You are absolutely right. I've learned many programming languages and related technologies as a kid and as an adult. Each and every time I start with something new, it's the same excitement, the same enjoyment at creating something. Just a few months ago I read about CSS media queries and built an HTML+CSS only page (no Javascript) that shows what my browser reports as my screen's resolution. It's just a copy'n'paste job of the same CSS rule with a different dpi number each time.
But I enjoyed it. It was a great satisfaction to see it working. I immediately uploaded it to my webspace and tried it out with the various devices I have available. I got out a ruler, measured the displays of my devices and compared the reported dpi with the actual physical dpi. I probably got about 1 hour of fun out of some trivial CSS and a web page that displays nothing but a number. And that's despite the fact that I've done considerably more fancy stuff in the past (e.g. a demo with wobble effects and vector balls in assembly language)
But to me learning something new, experimenting with it and using it to create something on my own is enjoyment in and of itself. The notion that this could be boring is absurd to me.
But as you said: Some people find this stuff fascinating, most people don't.
You can't teach a kid to enjoy programming, just as you can't teach him to enjoy playing football. If he doesn't, he doesn't. You may teach him to do it, even force him to (this is more common with sports than programming, though) but you can never teach him to enjoy it.
That being said, what you can do is show kids that programming exists. Back in the day it was normal to type in BASIC listings from magazines. Everybody who owned a computer knew about programming at least in principle. Everybody grokked the fact that software is not something magical like electricity (which comes from the socket) or steaks (which come from the supermarket), created by some large faceless corporations through unknown processes which the ordinary user could not hope to understand, let alone replicate.
These days, unfortunately, most computer users lack this understanding. For them, software IS something that ordinary people cannot create themselves. And this misperception keeps a lot of kids who would otherwise enjoy programming, from ever trying it out. They simply don't know that programming exists as a hobby. But THAT'S something that can be changed.
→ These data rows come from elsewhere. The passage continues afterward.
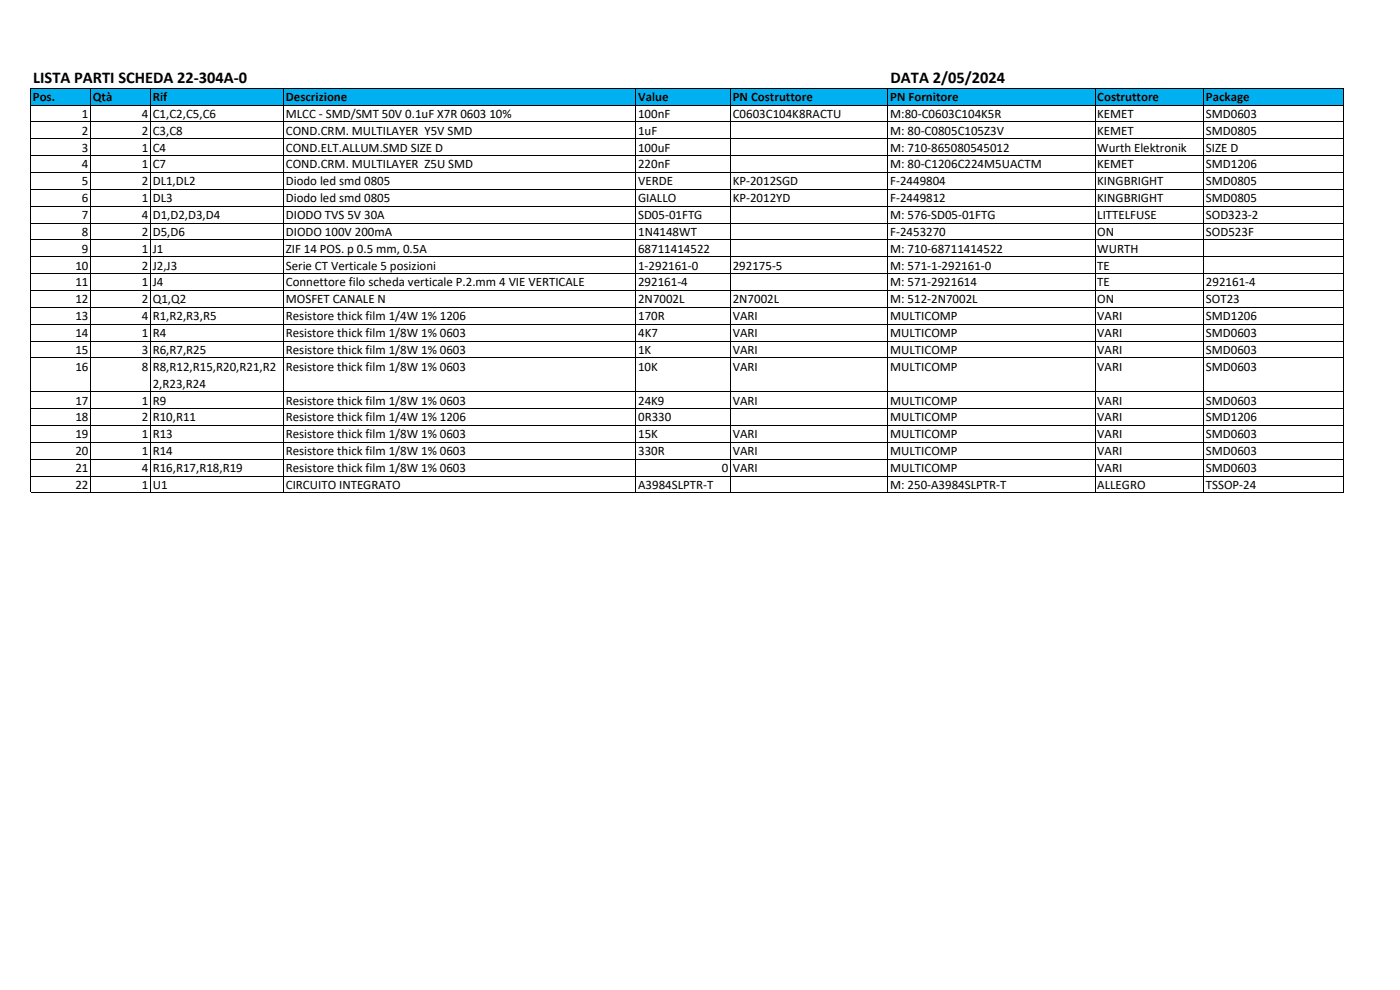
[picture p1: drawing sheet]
<svg xmlns="http://www.w3.org/2000/svg" width="420mm" height="297mm" viewBox="0 0 420 297" stroke-linecap="round" stroke-linejoin="round" font-family="sans-serif">
<defs><g id="words">
<g font-size="4.9">
<text x="10" y="25">LISTA PARTI SCHEDA 22‐304A‐0</text>
<text x="267.3" y="25">DATA 2/05/2024</text>
</g>
<g font-size="3.9">
<text x="9.9" y="30.3">Pos.</text>
<text x="24.6" y="35.4">1</text>
<text x="27.8" y="30.3">Qtà</text>
<text x="42.6" y="35.4">4 C1,C2,C5,C6</text>
<text x="45.8" y="30.3">Rif</text>
<text x="85.8" y="30.3">Descrizione</text>
<text x="85.8" y="35.4">MLCC ‐ SMD/SMT 50V 0.1uF X7R 0603</text>
<text x="146.9" y="35.4">10%</text>
<text x="191.5" y="30.3">Value</text>
<text x="191.5" y="35.4">100nF</text>
<text x="219.9" y="30.3">PN Costruttore</text>
<text x="219.9" y="35.4">C0603C104K8RACTU</text>
<text x="267.2" y="30.3">PN Fornitore</text>
<text x="267.2" y="35.4">M:80‐C0603C104K5R</text>
<text x="329.3" y="30.3">Costruttore</text>
<text x="329.3" y="35.4">KEMET</text>
<text x="361.9" y="30.3">Package</text>
<text x="361.9" y="35.4">SMD0603</text>
<text x="24.6" y="40.4">2</text>
<text x="42.6" y="40.4">2 C3,C8</text>
<text x="85.8" y="40.4">COND.CRM. MULTILAYER Y5V SMD</text>
<text x="191.5" y="40.4">1uF</text>
<text x="267.1" y="40.4">M: 80‐C0805C105Z3V</text>
<text x="329.3" y="40.4">KEMET</text>
<text x="361.9" y="40.4">SMD0805</text>
<text x="24.6" y="45.5">3</text>
<text x="42.6" y="45.5">1 C4</text>
<text x="85.8" y="45.5">COND.ELT.ALLUM.SMD SIZE D</text>
<text x="191.5" y="45.5">100uF</text>
<text x="267.2" y="45.5">M: 710‐865080545012</text>
<text x="329.3" y="45.5">Wurth Elektronik</text>
<text x="361.9" y="45.5">SIZE D</text>
<text x="24.6" y="50.5">4</text>
<text x="42.6" y="50.5">1 C7</text>
<text x="85.8" y="50.5">COND.CRM. MULTILAYER Z5U SMD</text>
<text x="191.5" y="50.5">220nF</text>
<text x="267.2" y="50.5">M: 80‐C1206C224M5UACTM</text>
<text x="329.3" y="50.5">KEMET</text>
<text x="361.9" y="50.5">SMD1206</text>
<text x="24.6" y="55.6">5</text>
<text x="42.6" y="55.6">2 DL1,DL2</text>
<text x="85.8" y="55.6">Diodo led smd 0805</text>
<text x="191.5" y="55.6">VERDE</text>
<text x="219.9" y="55.6">KP‐2012SGD</text>
<text x="267.2" y="55.6">F‐2449804</text>
<text x="329.3" y="55.6">KINGBRIGHT</text>
<text x="361.9" y="55.6">SMD0805</text>
<text x="24.6" y="65.7">7</text>
<text x="24.6" y="60.7">6</text>
<text x="42.6" y="65.7">4 D1,D2,D3,D4</text>
<text x="42.6" y="60.7">1 DL3</text>
<text x="85.8" y="60.7">Diodo led smd 0805</text>
<text x="85.8" y="65.7">DIODO TVS 5V 30A</text>
<text x="191.5" y="60.7">GIALLO</text>
<text x="191.5" y="65.7">SD05‐01FTG</text>
<text x="219.9" y="60.7">KP‐2012YD</text>
<text x="267.2" y="65.7">M: 576‐SD05‐01FTG</text>
<text x="267.2" y="60.7">F‐2449812</text>
<text x="329.3" y="65.7">LITTELFUSE</text>
<text x="329.3" y="60.7">KINGBRIGHT</text>
<text x="361.9" y="65.7">SOD323‐2</text>
<text x="361.9" y="60.7">SMD0805</text>
<text x="24.6" y="70.8">8</text>
<text x="42.6" y="70.8">2 D5,D6</text>
<text x="85.8" y="70.8">DIODO 100V 200mA</text>
<text x="191.5" y="70.8">1N4148WT</text>
<text x="267.2" y="70.8">F‐2453270</text>
<text x="329.3" y="70.8">ON</text>
<text x="361.9" y="70.8">SOD523F</text>
<text x="24.6" y="75.8">9</text>
<text x="42.6" y="75.8">1 J1</text>
<text x="85.8" y="75.8">ZIF 14 POS. p 0.5 mm, 0.5A</text>
<text x="191.5" y="75.8">68711414522</text>
<text x="267.2" y="75.8">M: 710‐68711414522</text>
<text x="329.3" y="75.8">WURTH</text>
<text x="22.6" y="80.9">10</text>
<text x="42.6" y="80.9">2 J2,J3</text>
<text x="85.8" y="80.9">Serie CT Verticale 5 posizioni</text>
<text x="191.5" y="80.9">1‐292161‐0</text>
<text x="219.9" y="80.9">292175‐5</text>
<text x="267.2" y="80.9">M: 571‐1‐292161‐0</text>
<text x="329.3" y="80.9">TE</text>
<text x="22.6" y="86">11</text>
<text x="42.6" y="86">1 J4</text>
<text x="85.8" y="86">Connettore filo scheda verticale P.2.mm 4 VIE VERTICALE</text>
<text x="191.5" y="86">292161‐4</text>
<text x="267.2" y="86">M: 571‐2921614</text>
<text x="329.3" y="86">TE</text>
<text x="361.9" y="86">292161‐4</text>
<text x="22.6" y="91">12</text>
<text x="42.6" y="91">2 Q1,Q2</text>
<text x="85.8" y="91">MOSFET CANALE N</text>
<text x="191.5" y="91">2N7002L</text>
<text x="219.9" y="91">2N7002L</text>
<text x="267.2" y="91">M: 512‐2N7002L</text>
<text x="329.3" y="91">ON</text>
<text x="361.9" y="91">SOT23</text>
<text x="22.6" y="96.1">13</text>
<text x="22.6" y="101.1">14</text>
<text x="42.6" y="96.1">4 R1,R2,R3,R5</text>
<text x="42.6" y="101.1">1 R4</text>
<text x="85.8" y="101.1">Resistore thick film 1/8W 1% 0603</text>
<text x="85.8" y="96.1">Resistore thick film 1/4W 1% 1206</text>
<text x="191.5" y="96.1">170R</text>
<text x="191.5" y="101.1">4K7</text>
<text x="219.9" y="96.1">VARI</text>
<text x="219.9" y="101.1">VARI</text>
<text x="267.2" y="96.1">MULTICOMP</text>
<text x="267.2" y="101.1">MULTICOMP</text>
<text x="329.3" y="96.1">VARI</text>
<text x="329.3" y="101.1">VARI</text>
<text x="361.9" y="96.1">SMD1206</text>
<text x="361.9" y="101.1">SMD0603</text>
<text x="22.6" y="106.2">15</text>
<text x="42.6" y="106.2">3 R6,R7,R25</text>
<text x="85.8" y="106.2">Resistore thick film 1/8W 1% 0603</text>
<text x="191.5" y="106.2">1K</text>
<text x="219.9" y="106.2">VARI</text>
<text x="267.2" y="106.2">MULTICOMP</text>
<text x="329.3" y="106.2">VARI</text>
<text x="361.9" y="106.2">SMD0603</text>
<text x="22.6" y="111.3">16</text>
<text x="42.6" y="111.3">8 R8,R12,R15,R20,R21,R2</text>
<text x="85.8" y="111.3">Resistore thick film 1/8W 1% 0603</text>
<text x="191.5" y="111.3">10K</text>
<text x="219.9" y="111.3">VARI</text>
<text x="267.2" y="111.3">MULTICOMP</text>
<text x="329.3" y="111.3">VARI</text>
<text x="361.9" y="111.3">SMD0603</text>
<text x="45.8" y="116.3">2,R23,R24</text>
<text x="22.6" y="121.4">17</text>
<text x="42.6" y="121.4">1 R9</text>
<text x="85.8" y="121.4">Resistore thick film 1/8W 1% 0603</text>
<text x="191.5" y="121.4">24K9</text>
<text x="219.9" y="121.4">VARI</text>
<text x="267.2" y="121.4">MULTICOMP</text>
<text x="329.3" y="121.4">VARI</text>
<text x="361.9" y="121.4">SMD0603</text>
<text x="22.6" y="126.4">18</text>
<text x="22.6" y="131.5">19</text>
<text x="42.6" y="126.4">2 R10,R11</text>
<text x="42.6" y="131.5">1 R13</text>
<text x="85.8" y="131.5">Resistore thick film 1/8W 1% 0603</text>
<text x="85.8" y="126.4">Resistore thick film 1/4W 1% 1206</text>
<text x="191.5" y="126.4">0R330</text>
<text x="191.5" y="131.5">15K</text>
<text x="219.9" y="131.5">VARI</text>
<text x="267.2" y="126.4">MULTICOMP</text>
<text x="267.2" y="131.5">MULTICOMP</text>
<text x="329.3" y="126.4">VARI</text>
<text x="329.3" y="131.5">VARI</text>
<text x="361.9" y="126.4">SMD1206</text>
<text x="361.9" y="131.5">SMD0603</text>
<text x="22.6" y="136.5">20</text>
<text x="42.6" y="136.5">1 R14</text>
<text x="85.8" y="136.5">Resistore thick film 1/8W 1% 0603</text>
<text x="191.5" y="136.5">330R</text>
<text x="219.9" y="136.5">VARI</text>
<text x="267.2" y="136.5">MULTICOMP</text>
<text x="329.3" y="136.5">VARI</text>
<text x="361.9" y="136.5">SMD0603</text>
<text x="22.6" y="141.6">21</text>
<text x="42.6" y="141.6">4 R16,R17,R18,R19</text>
<text x="85.8" y="141.6">Resistore thick film 1/8W 1% 0603</text>
<text x="216.7" y="141.6">0 VARI</text>
<text x="267.2" y="141.6">MULTICOMP</text>
<text x="329.3" y="141.6">VARI</text>
<text x="361.9" y="141.6">SMD0603</text>
<text x="22.6" y="146.7">22</text>
<text x="42.6" y="146.7">1 U1</text>
<text x="85.8" y="146.7">CIRCUITO INTEGRATO</text>
<text x="191.5" y="146.7">A3984SLPTR‐T</text>
<text x="267.2" y="146.7">M: 250‐A3984SLPTR‐T</text>
<text x="329.3" y="146.7">ALLEGRO</text>
<text x="361.9" y="146.7">TSSOP‐24</text>
</g>
</g></defs>
<path d="M9.3 26.5h393.9v5h-393.9z" fill="#00b0f0"/>
<g fill="none" stroke="#000" stroke-width=".3">
<path d="M9.2 26.5v121.1M9.2 26.5h394M9.2 31.5h394M9.2 36.6h394M27.2 26.5v121.1M45.2 26.5v121.1M85.1 26.5v121.1M190.8 26.5v121.1M219.2 26.5v121.1M266.5 26.5v121.1M328.6 26.5v121.1M361.3 26.5v121.1"/>
<path d="M403.2 26.5v121.1M9.2 41.6h394M9.2 46.7h394M9.2 51.8h394M9.2 56.8h394M9.2 61.9h394M9.2 66.9h394M9.2 72h394M9.2 77.1h394M9.2 82.1h394M9.2 87.2h394M9.2 92.2h394"/>
<path d="M9.2 97.3h394M9.2 102.4h394M9.2 107.4h394M9.2 117.5h394M9.2 122.6h394M9.2 127.6h394M9.2 132.7h394M9.2 137.8h394M9.2 142.8h394M9.2 147.6h394"/>
</g>
<use href="#words"/>
</svg>

This is a psychological issue. It's like a kid stopping to play with bricks after seeing the Chinese Wall on TV. This happens. Unfortunately a lot of people are like that to some degree (especially adults). But truly creative minds are not like that. An artist does not drop his art after visiting a museum. The creations of others are inspiration, not intimidation.
Yes. Me.
http://tinyurl.com/42geekcode
Our fancy home Windows machine offers too many distractions, but the TRS-80 turned out to be enjoyable and provides immediate gratification. The Kim-1 turned out to fascinate, too. Before you all start hating on Basic and machine code, remember that you learned arithmetic before calculus.